My ds ended up not wanting to go to school at all, simply because of an over-boisterous boy who kept knocking him down. His mum was convinced it was all the other children who were being nasty to him. They were frightened.

grants1000 · 29/10/2013 17:34

You really need to go into school and find out what he is doing to cause such a reaction against him. Upsetting as is may be to hear you need to get to the bottom of it to try and start to make things better.

I've told both my DS's over the years to stay away from other children if they don't like how they are being treated. One boy kept pulling my eldest DS from behind by the neck and was told repeatedly by school to stop but he didn't, I was so cross one day when he did it outside the classroom at pick up, I went and shouted at the boy to leave my DS alone and never to touch him again and he never did.

He maybe just needs to tone it down a bit so others are happier to play with him. One boy in my other ds's year was so bossy and demanding about what and when they played, many got fed up of his domineering ways and played without him, he soon learned to join in more and not always be I'm charge.

Nena7 · 29/10/2013 18:00

OK, I didn't explain myself very well. My son is part of a group who is a bit rowdy in the playground. The parents who have taken a dislike to my son, are parents of other kids who also are PART of this group, some who are a lot more rowdy inside and out of the classroom than my son (but I won't go there...). My son have friends outside of this group who he gets along fine with however as he enjoys "playing rough" he tends to gravitate to this group (teacher's quote). He doesn't hurt anyone, he is not disruptive, he is not domineering, he is part of a group, who together likes to play fight etc. But my son is now being held responsible for any rowdy or bad behaviour from any of the kids who are part of this group, both by the kids AND the parents, inside and outside the classroom!

OP posts:
cory · 29/10/2013 19:16

First of all, are you sure this is how it appears to the other children? My friend's ds was convinced he wasn't hurting others and that they were just all playing happily together. But that was not how it appeared to the other children in the group.

Nena7 · 29/10/2013 22:59

Cory, I can only go by what the teacher, the TAs and the lunch time supervisors have told me. Ie that my son is not the instigator. When I see them play in the playground after school, I would say a couple of these kids are really quite aggressive and aggrivate a lot of other kids. My son, and other members of this "rowdy group" are in the bushes, playing happily with sticks, shouting, pretending to be stone age people, but do not annoy or involve anyone else. Sometimes he plays with others, not rough, and this other group is still doing their thing, as well as the kids who always tend to be more aggressive (again, I have not discussed this with my son or would suggest these as the instigators!)
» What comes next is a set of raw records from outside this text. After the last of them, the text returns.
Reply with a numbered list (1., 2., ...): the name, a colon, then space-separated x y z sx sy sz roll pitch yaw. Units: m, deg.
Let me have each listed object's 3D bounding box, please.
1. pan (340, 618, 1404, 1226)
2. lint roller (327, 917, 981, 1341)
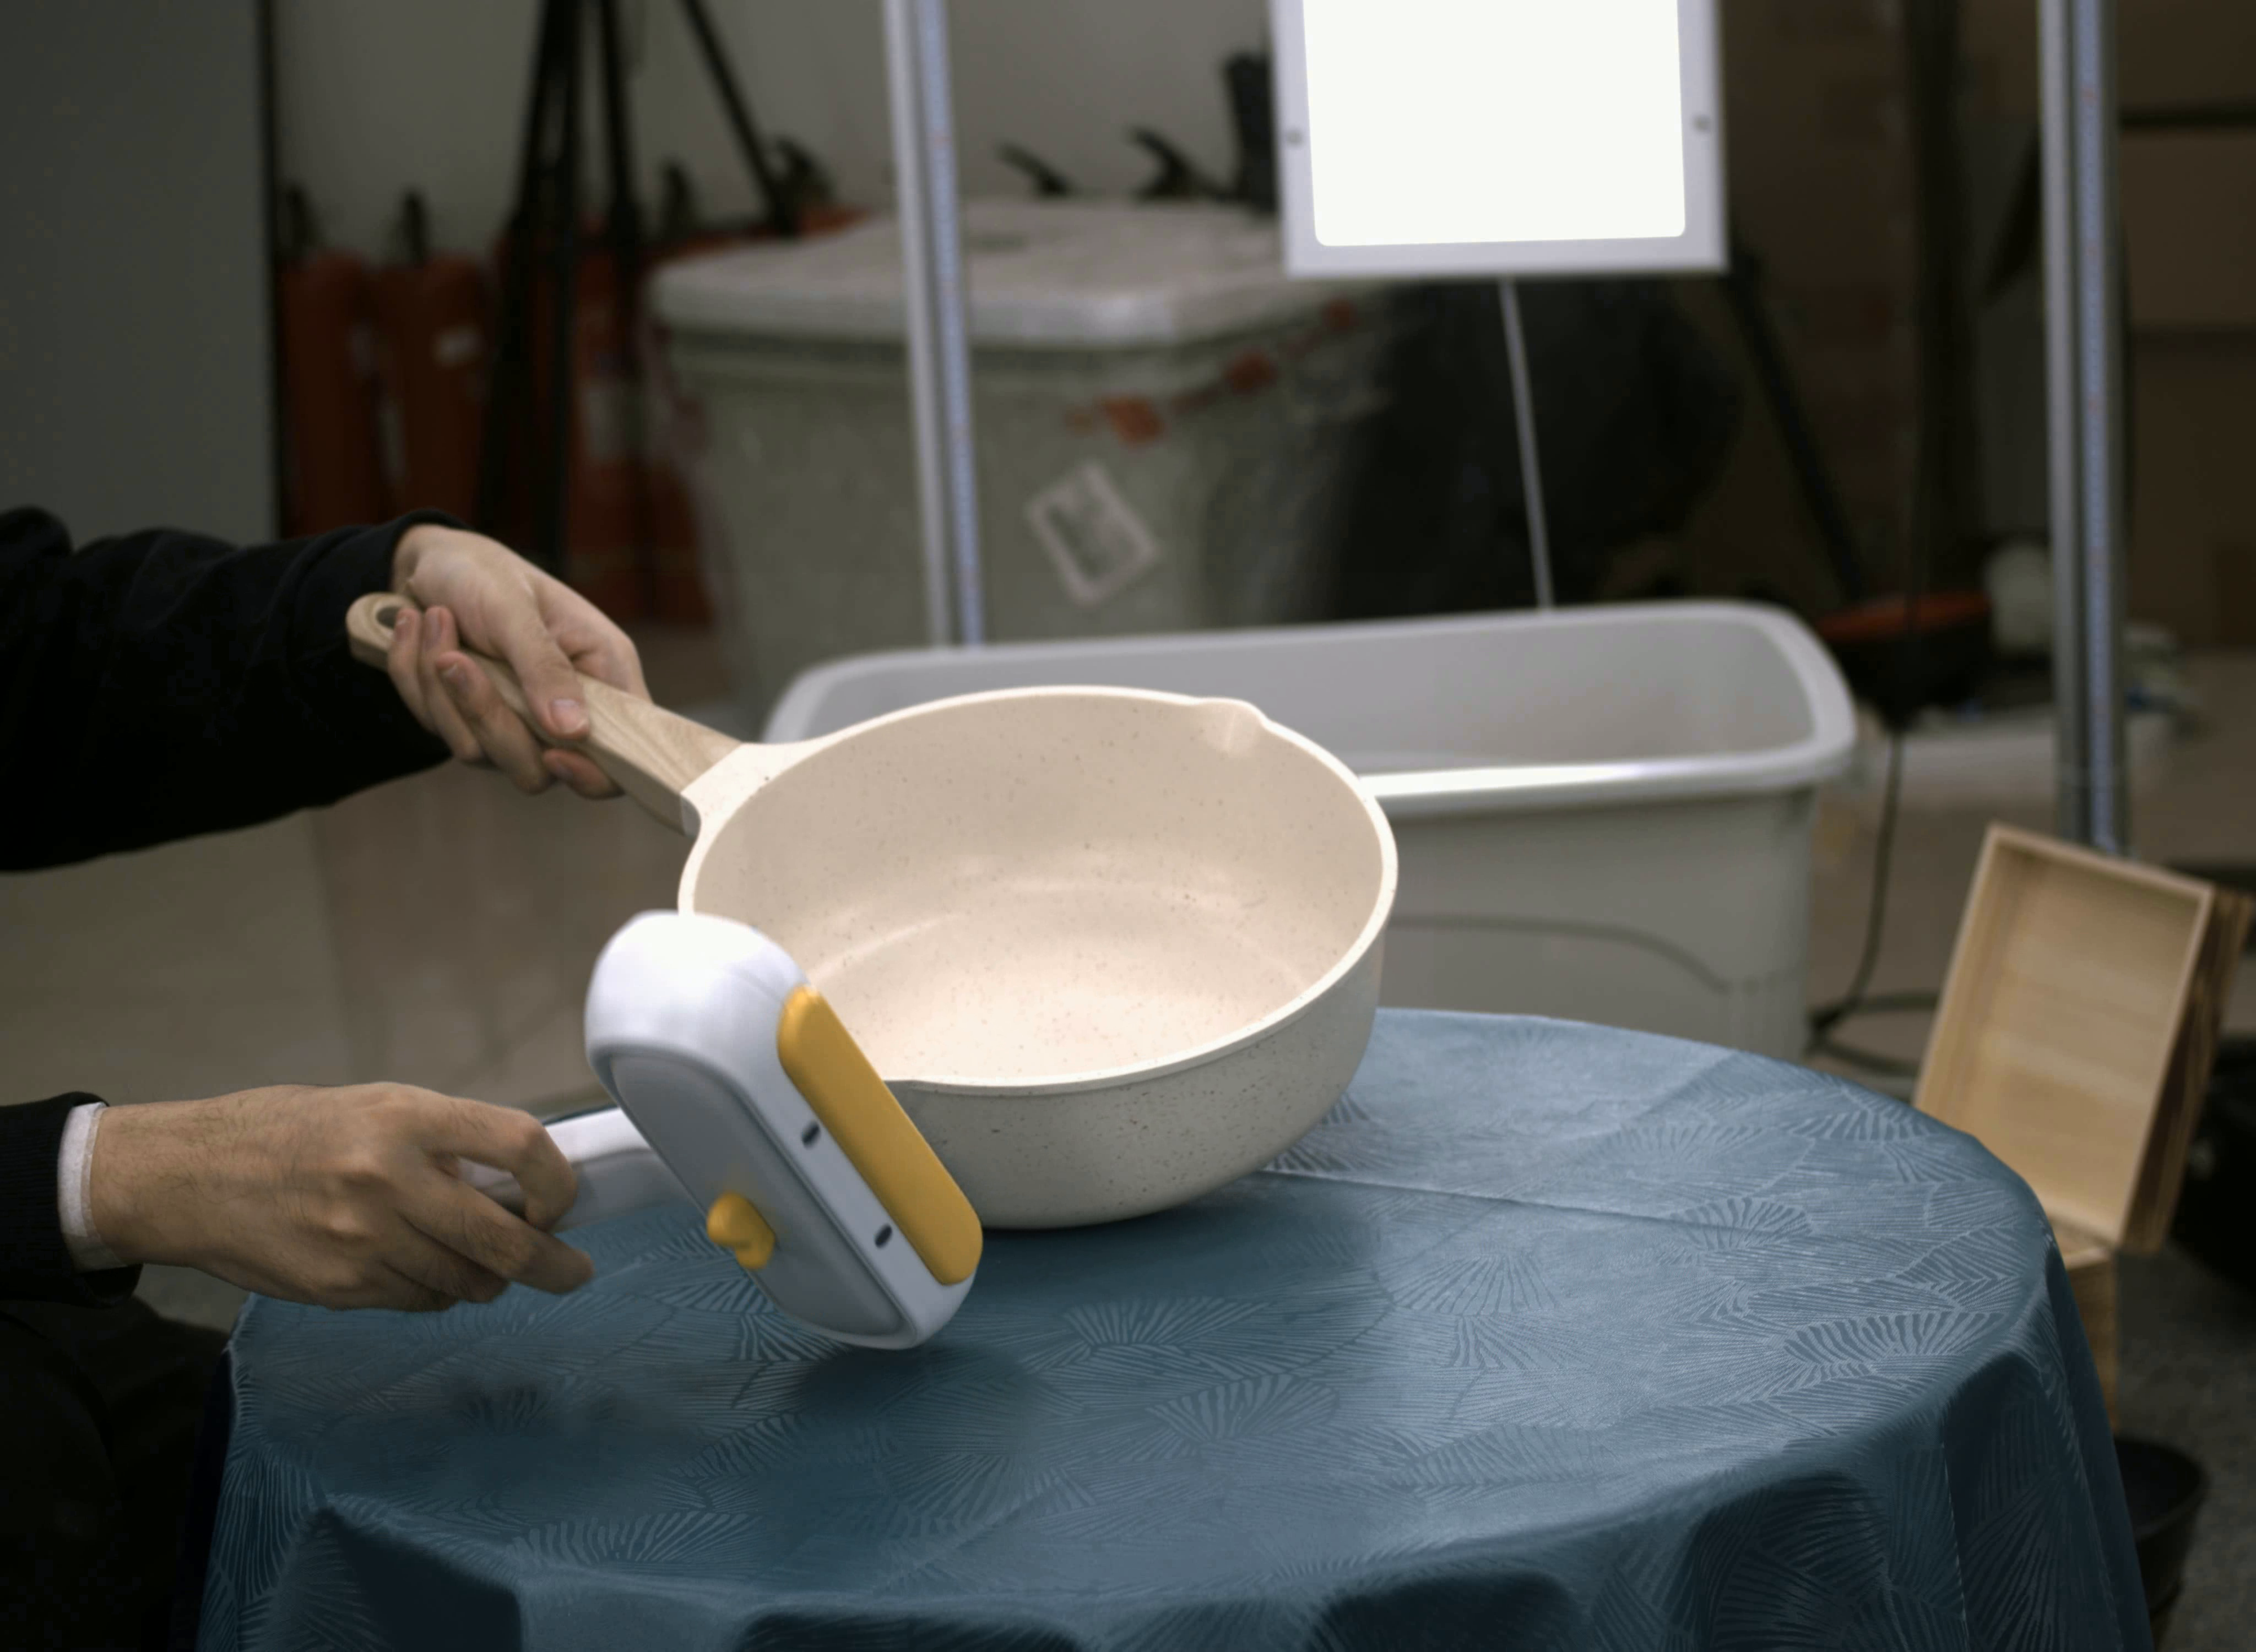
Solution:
1. pan: -0.103 0.019 1.975 0.442 0.102 0.258 17 41 31
2. lint roller: -0.160 0.105 1.714 0.196 0.074 0.190 -4 -32 28

Perhaps some of the kids experience my son as you say, however, this is not reality (according to all school staff), but is based on what their parents have told them. And why they base that on is what I don't understand.

OP posts:
bumperella · 01/11/2013 22:14

It's a weird one, as it sounds like teachers and adults involved in the playground/classroom are saying one thing, and the children are saying another. It seems unlikely that the ostracism starts and ends with parental will.

I would be inclined to ask your son how the new school is going, who he gets on with, etc etc. Maybe suggest to him that some of the kids at school find his activity levels a bit full-on. Invitations to play-dates?